*WORK REQUIRED*: Look below for the line that contains "Answer in list order. Please", then copy it and each following line exactly, through and including the line that contains "4. router box (305,178,605,470)".
○ ○ ○ ○ ○
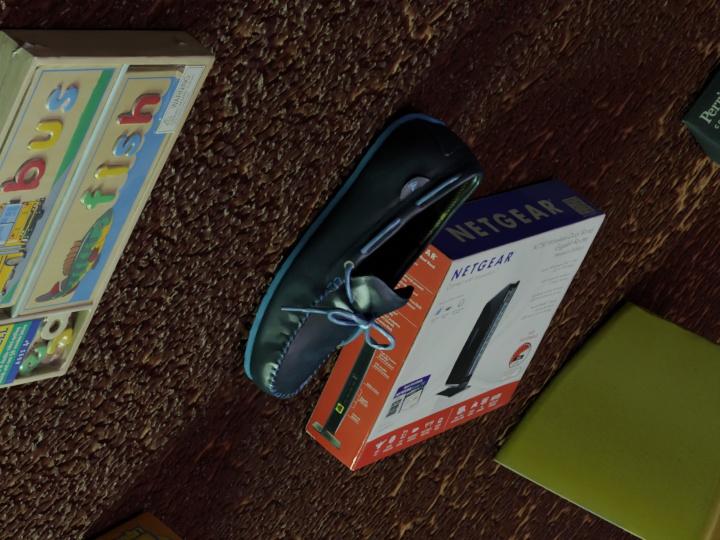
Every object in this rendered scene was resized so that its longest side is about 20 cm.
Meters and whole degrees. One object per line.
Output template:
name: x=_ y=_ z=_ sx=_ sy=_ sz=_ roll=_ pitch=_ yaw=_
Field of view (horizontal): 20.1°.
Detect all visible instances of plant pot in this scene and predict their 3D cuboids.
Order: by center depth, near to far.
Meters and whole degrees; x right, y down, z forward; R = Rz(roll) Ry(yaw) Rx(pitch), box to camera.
plant pot: x=0.264 y=0.141 z=1.764 sx=0.177 sy=0.200 sz=0.200 roll=-64 pitch=155 yaw=-2

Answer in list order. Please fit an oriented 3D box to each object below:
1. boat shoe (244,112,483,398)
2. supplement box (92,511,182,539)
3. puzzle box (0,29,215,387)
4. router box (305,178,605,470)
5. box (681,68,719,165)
boat shoe: x=0.000 y=0.000 z=1.235 sx=0.084 sy=0.069 sz=0.200 roll=1 pitch=124 yaw=-60
supplement box: x=-0.160 y=0.253 z=1.312 sx=0.066 sy=0.069 sz=0.200 roll=-24 pitch=145 yaw=-47
puzzle box: x=-0.157 y=-0.026 z=0.980 sx=0.133 sy=0.025 sz=0.200 roll=-10 pitch=133 yaw=-55
router box: x=0.068 y=0.035 z=1.424 sx=0.200 sy=0.049 sz=0.180 roll=-17 pitch=139 yaw=-51
box: x=0.394 y=-0.128 z=1.584 sx=0.197 sy=0.200 sz=0.117 roll=-54 pitch=156 yaw=4
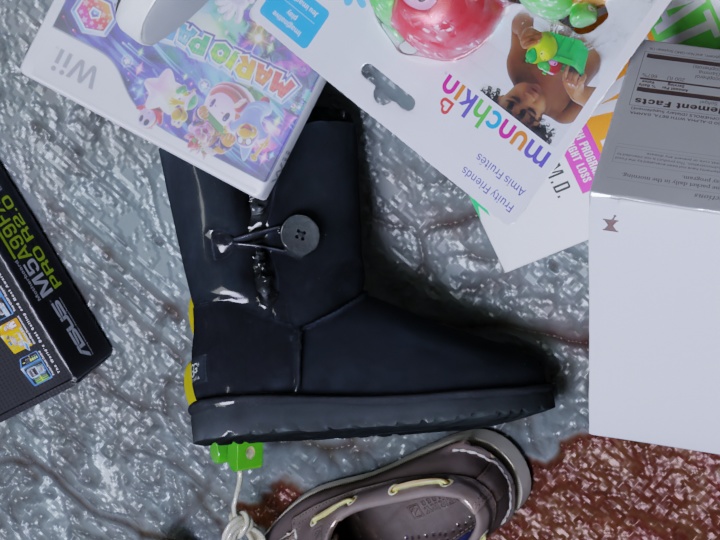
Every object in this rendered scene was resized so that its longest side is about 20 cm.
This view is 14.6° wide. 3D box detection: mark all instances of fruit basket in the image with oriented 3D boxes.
[{"bbox_3d":[0.058,-0.153,1.294,0.185,0.094,0.200,41,97,27],"label":"fruit basket"}]

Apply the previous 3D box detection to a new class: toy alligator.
[{"bbox_3d":[-0.068,0.061,1.518,0.054,0.059,0.201,44,135,53],"label":"toy alligator"}]

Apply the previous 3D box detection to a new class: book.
[{"bbox_3d":[0.127,-0.095,1.361,0.200,0.048,0.134,-23,97,35],"label":"book"}]

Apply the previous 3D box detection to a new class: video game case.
[{"bbox_3d":[-0.063,-0.155,1.386,0.143,0.018,0.201,28,93,13],"label":"video game case"}]

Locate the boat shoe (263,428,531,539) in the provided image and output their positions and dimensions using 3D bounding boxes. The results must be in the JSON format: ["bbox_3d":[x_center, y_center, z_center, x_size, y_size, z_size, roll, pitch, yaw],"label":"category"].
[{"bbox_3d":[0.002,0.149,1.515,0.200,0.060,0.072,-29,97,33],"label":"boat shoe"}]

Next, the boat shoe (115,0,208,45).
[{"bbox_3d":[-0.069,-0.203,1.349,0.064,0.071,0.200,31,86,12],"label":"boat shoe"}]

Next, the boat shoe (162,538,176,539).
[{"bbox_3d":[-0.089,0.248,1.597,0.064,0.071,0.201,-17,104,30],"label":"boat shoe"}]

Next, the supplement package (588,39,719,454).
[{"bbox_3d":[0.210,0.000,1.274,0.199,0.111,0.156,9,135,14],"label":"supplement package"}]

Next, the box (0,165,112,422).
[{"bbox_3d":[-0.254,0.000,1.587,0.160,0.044,0.201,-25,99,32],"label":"box"}]

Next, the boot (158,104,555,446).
[{"bbox_3d":[0.000,0.000,1.431,0.076,0.199,0.169,152,115,-72],"label":"boot"}]
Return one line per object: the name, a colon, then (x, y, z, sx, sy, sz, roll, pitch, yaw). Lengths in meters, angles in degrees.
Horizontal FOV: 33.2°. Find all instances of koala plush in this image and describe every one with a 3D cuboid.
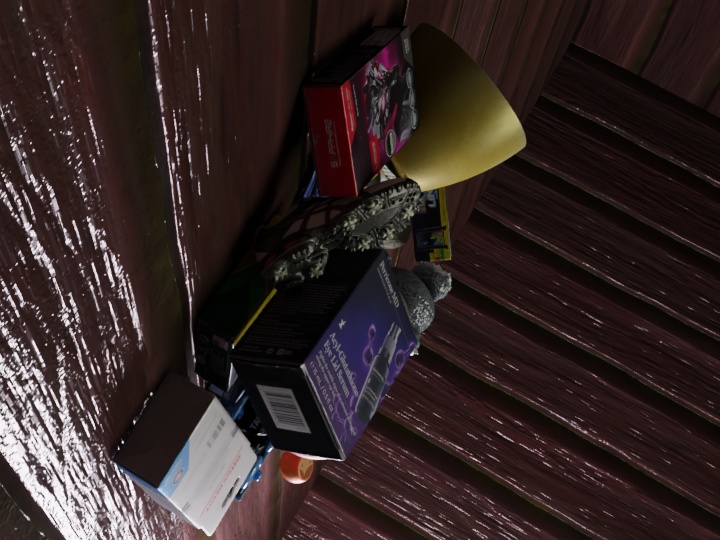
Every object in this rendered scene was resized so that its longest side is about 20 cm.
koala plush: (0.024, 0.031, 1.774, 0.178, 0.199, 0.184, -56, 170, -31)

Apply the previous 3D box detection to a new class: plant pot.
plant pot: (0.087, -0.182, 1.496, 0.142, 0.200, 0.200, -41, 170, -4)

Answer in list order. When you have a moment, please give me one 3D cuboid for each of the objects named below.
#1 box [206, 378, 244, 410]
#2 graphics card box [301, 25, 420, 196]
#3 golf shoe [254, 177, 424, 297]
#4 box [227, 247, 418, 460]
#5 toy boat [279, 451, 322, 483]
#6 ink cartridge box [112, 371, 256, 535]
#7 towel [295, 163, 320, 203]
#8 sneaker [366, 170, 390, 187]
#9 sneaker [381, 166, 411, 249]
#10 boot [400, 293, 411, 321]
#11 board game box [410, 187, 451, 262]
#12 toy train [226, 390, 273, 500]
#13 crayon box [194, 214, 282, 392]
box: (-0.125, 0.077, 1.571, 0.200, 0.037, 0.137, -49, 165, -57)
graphics card box: (0.005, -0.178, 1.322, 0.200, 0.050, 0.127, -51, 139, -54)
golf shoe: (-0.029, -0.058, 1.315, 0.199, 0.089, 0.077, -28, 141, 1)
box: (-0.036, 0.087, 1.359, 0.201, 0.103, 0.149, -55, 136, -38)
toy boat: (-0.091, 0.240, 1.727, 0.199, 0.129, 0.132, 7, -79, 60)
ink cartridge box: (-0.192, 0.211, 1.354, 0.116, 0.066, 0.200, -59, 158, -20)
towel: (-0.020, -0.161, 1.512, 0.146, 0.024, 0.200, -67, 172, 25)
sneaker: (-0.004, -0.090, 1.486, 0.200, 0.069, 0.091, 76, 36, -69)
sneaker: (0.018, -0.127, 1.680, 0.072, 0.115, 0.201, -16, 148, -5)
boot: (0.000, 0.000, 1.552, 0.073, 0.201, 0.151, -32, -159, 9)
board game box: (0.094, -0.132, 1.744, 0.166, 0.056, 0.202, -89, 173, -73)
toy train: (-0.129, 0.191, 1.510, 0.201, 0.086, 0.114, -59, 178, -8)
crayon box: (-0.119, 0.027, 1.395, 0.201, 0.050, 0.127, -56, 169, -32)
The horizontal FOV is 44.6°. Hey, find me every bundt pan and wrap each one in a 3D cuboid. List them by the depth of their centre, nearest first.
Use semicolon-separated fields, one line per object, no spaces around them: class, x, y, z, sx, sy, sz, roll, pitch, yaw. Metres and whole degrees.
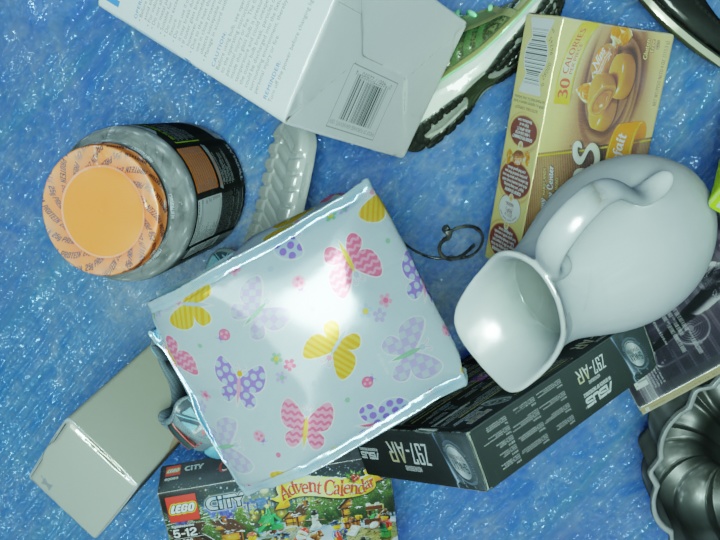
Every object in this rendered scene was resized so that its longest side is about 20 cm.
bundt pan;0.326;0.151;0.750;0.196;0.076;0.207;-2;108;-6

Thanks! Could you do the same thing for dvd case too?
dvd case;0.288;0.011;0.725;0.198;0.150;0.016;-32;134;14

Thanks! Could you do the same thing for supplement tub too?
supplement tub;-0.179;-0.062;0.745;0.119;0.200;0.126;2;100;9

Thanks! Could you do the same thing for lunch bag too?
lunch bag;-0.044;0.050;0.670;0.197;0.127;0.172;-30;94;-2

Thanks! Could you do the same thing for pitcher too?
pitcher;0.175;-0.021;0.618;0.122;0.198;0.173;50;148;20

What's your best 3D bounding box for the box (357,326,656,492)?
box;0.111;0.100;0.695;0.197;0.159;0.044;-26;96;-32

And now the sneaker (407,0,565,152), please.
sneaker;0.090;-0.199;0.752;0.199;0.077;0.089;-41;74;8

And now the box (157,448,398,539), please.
box;-0.066;0.221;0.766;0.195;0.038;0.140;-9;116;-3

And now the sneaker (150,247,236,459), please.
sneaker;-0.128;0.054;0.743;0.094;0.203;0.079;25;133;-33

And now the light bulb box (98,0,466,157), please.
light bulb box;-0.054;-0.198;0.678;0.198;0.197;0.127;34;104;25

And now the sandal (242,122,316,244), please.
sandal;-0.067;-0.034;0.807;0.049;0.082;0.207;4;113;-35

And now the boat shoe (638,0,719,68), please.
boat shoe;0.242;-0.245;0.713;0.202;0.074;0.063;47;111;3

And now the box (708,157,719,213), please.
box;0.340;-0.097;0.667;0.120;0.202;0.048;29;143;2

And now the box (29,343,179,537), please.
box;-0.185;0.124;0.770;0.078;0.200;0.095;42;125;-1

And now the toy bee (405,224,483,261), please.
toy bee;0.000;0.000;0.785;0.196;0.110;0.133;-20;137;-10

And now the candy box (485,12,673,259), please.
candy box;0.178;-0.100;0.724;0.113;0.055;0.205;1;108;-24
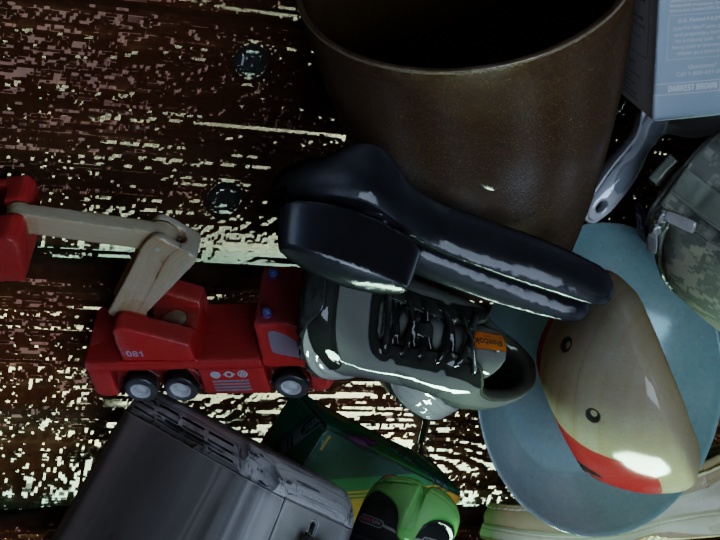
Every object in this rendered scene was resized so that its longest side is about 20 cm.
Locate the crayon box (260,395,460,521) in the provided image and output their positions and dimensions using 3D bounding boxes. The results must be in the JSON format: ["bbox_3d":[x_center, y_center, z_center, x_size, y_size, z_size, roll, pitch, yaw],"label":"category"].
[{"bbox_3d":[-0.041,0.190,1.179,0.118,0.058,0.201,29,98,-32],"label":"crayon box"}]

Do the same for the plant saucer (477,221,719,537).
[{"bbox_3d":[0.149,0.070,1.203,0.199,0.039,0.203,-1,91,-30],"label":"plant saucer"}]

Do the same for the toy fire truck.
[{"bbox_3d":[-0.116,0.010,1.031,0.198,0.049,0.142,-2,137,11],"label":"toy fire truck"}]

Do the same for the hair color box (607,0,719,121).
[{"bbox_3d":[0.174,-0.195,1.018,0.060,0.099,0.202,-6,113,-12],"label":"hair color box"}]

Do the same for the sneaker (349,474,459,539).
[{"bbox_3d":[0.005,0.206,1.097,0.076,0.084,0.201,18,134,10],"label":"sneaker"}]

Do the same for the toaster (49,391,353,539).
[{"bbox_3d":[-0.096,0.155,1.077,0.113,0.199,0.130,33,82,-42],"label":"toaster"}]

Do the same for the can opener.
[{"bbox_3d":[0.042,-0.011,0.984,0.198,0.063,0.079,17,73,-24],"label":"can opener"}]

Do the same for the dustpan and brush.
[{"bbox_3d":[0.192,-0.116,1.141,0.139,0.057,0.200,39,92,-32],"label":"dustpan and brush"}]

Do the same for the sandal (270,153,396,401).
[{"bbox_3d":[0.000,0.000,1.102,0.054,0.081,0.201,-30,128,3],"label":"sandal"}]

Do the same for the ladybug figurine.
[{"bbox_3d":[0.150,0.073,1.098,0.071,0.137,0.200,-23,161,7],"label":"ladybug figurine"}]

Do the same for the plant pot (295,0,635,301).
[{"bbox_3d":[0.070,-0.087,1.053,0.185,0.187,0.201,-23,132,-14],"label":"plant pot"}]

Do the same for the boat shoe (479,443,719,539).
[{"bbox_3d":[0.173,0.150,1.260,0.198,0.074,0.070,-3,90,-20],"label":"boat shoe"}]

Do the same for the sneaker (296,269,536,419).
[{"bbox_3d":[0.031,0.033,1.031,0.200,0.079,0.075,26,66,-54],"label":"sneaker"}]

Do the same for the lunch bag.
[{"bbox_3d":[0.278,-0.003,1.117,0.140,0.199,0.167,-58,156,11],"label":"lunch bag"}]
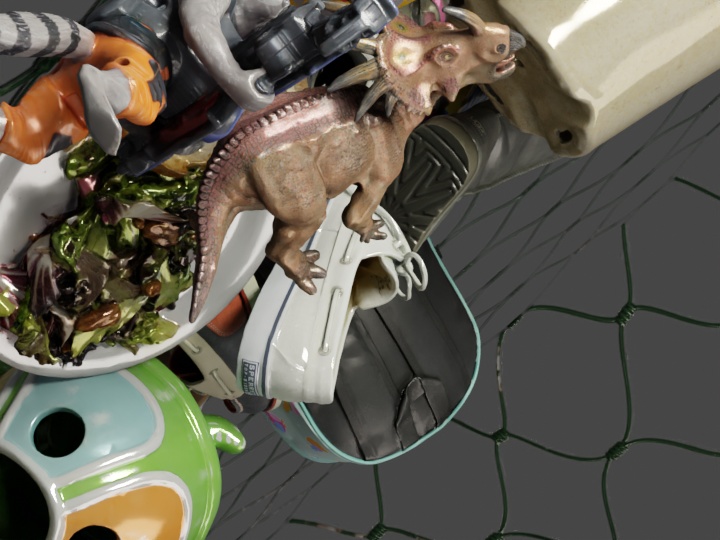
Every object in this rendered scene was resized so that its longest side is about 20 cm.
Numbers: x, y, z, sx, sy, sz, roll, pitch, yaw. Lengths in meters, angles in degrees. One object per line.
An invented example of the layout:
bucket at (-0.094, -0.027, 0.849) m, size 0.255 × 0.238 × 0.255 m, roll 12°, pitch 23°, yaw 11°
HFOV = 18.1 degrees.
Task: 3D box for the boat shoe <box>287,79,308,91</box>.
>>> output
boat shoe at (-0.103, -0.062, 1.293) m, size 0.072 × 0.073 × 0.200 m, roll 2°, pitch 157°, yaw -31°

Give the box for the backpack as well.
backpack at (-0.017, 0.040, 1.632) m, size 0.176 × 0.200 × 0.153 m, roll -38°, pitch -174°, yaw -28°

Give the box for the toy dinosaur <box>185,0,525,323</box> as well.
toy dinosaur at (-0.024, -0.066, 1.116) m, size 0.200 × 0.086 × 0.136 m, roll -35°, pitch 159°, yaw -21°

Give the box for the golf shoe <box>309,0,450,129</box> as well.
golf shoe at (0.003, -0.129, 1.364) m, size 0.092 × 0.073 × 0.200 m, roll -35°, pitch 160°, yaw -9°

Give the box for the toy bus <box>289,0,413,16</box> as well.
toy bus at (0.036, -0.191, 1.212) m, size 0.200 × 0.065 × 0.078 m, roll -31°, pitch 166°, yaw -45°

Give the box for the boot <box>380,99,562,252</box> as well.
boot at (0.068, -0.067, 1.488) m, size 0.182 × 0.073 × 0.200 m, roll -37°, pitch 179°, yaw 37°

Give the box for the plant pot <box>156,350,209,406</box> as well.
plant pot at (-0.188, 0.085, 1.490) m, size 0.201 × 0.093 × 0.201 m, roll -39°, pitch 169°, yaw -9°

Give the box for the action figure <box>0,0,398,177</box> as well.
action figure at (-0.087, -0.106, 1.030) m, size 0.199 × 0.105 × 0.193 m, roll -26°, pitch -173°, yaw 38°

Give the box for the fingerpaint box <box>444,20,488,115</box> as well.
fingerpaint box at (0.098, -0.171, 1.517) m, size 0.167 × 0.073 × 0.200 m, roll -37°, pitch 169°, yaw -25°

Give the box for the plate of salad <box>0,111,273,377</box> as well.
plate of salad at (-0.121, -0.019, 1.200) m, size 0.199 × 0.048 × 0.201 m, roll -21°, pitch 135°, yaw -23°

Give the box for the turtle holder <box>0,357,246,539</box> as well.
turtle holder at (-0.171, 0.099, 1.293) m, size 0.141 × 0.186 × 0.132 m, roll -37°, pitch 171°, yaw 35°

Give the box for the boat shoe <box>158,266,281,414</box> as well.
boat shoe at (-0.089, 0.043, 1.370) m, size 0.062 × 0.071 × 0.200 m, roll -29°, pitch 159°, yaw -10°

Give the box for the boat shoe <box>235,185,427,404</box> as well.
boat shoe at (0.000, -0.003, 1.319) m, size 0.075 × 0.086 × 0.202 m, roll 92°, pitch 17°, yaw -47°

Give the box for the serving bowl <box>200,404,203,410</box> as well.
serving bowl at (-0.174, 0.107, 1.720) m, size 0.200 × 0.066 × 0.200 m, roll -39°, pitch 169°, yaw -9°

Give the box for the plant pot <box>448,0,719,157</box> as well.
plant pot at (0.154, -0.171, 1.336) m, size 0.183 × 0.201 × 0.201 m, roll -40°, pitch 170°, yaw -13°
○ ○ ○ ○ ○
*SOLUTION*:
Answer in list order. Please fit an oriented 3D box to each object below:
1. boat shoe (244,112,483,398)
2. supplement box (92,511,182,539)
3. puzzle box (0,29,215,387)
4. router box (305,178,605,470)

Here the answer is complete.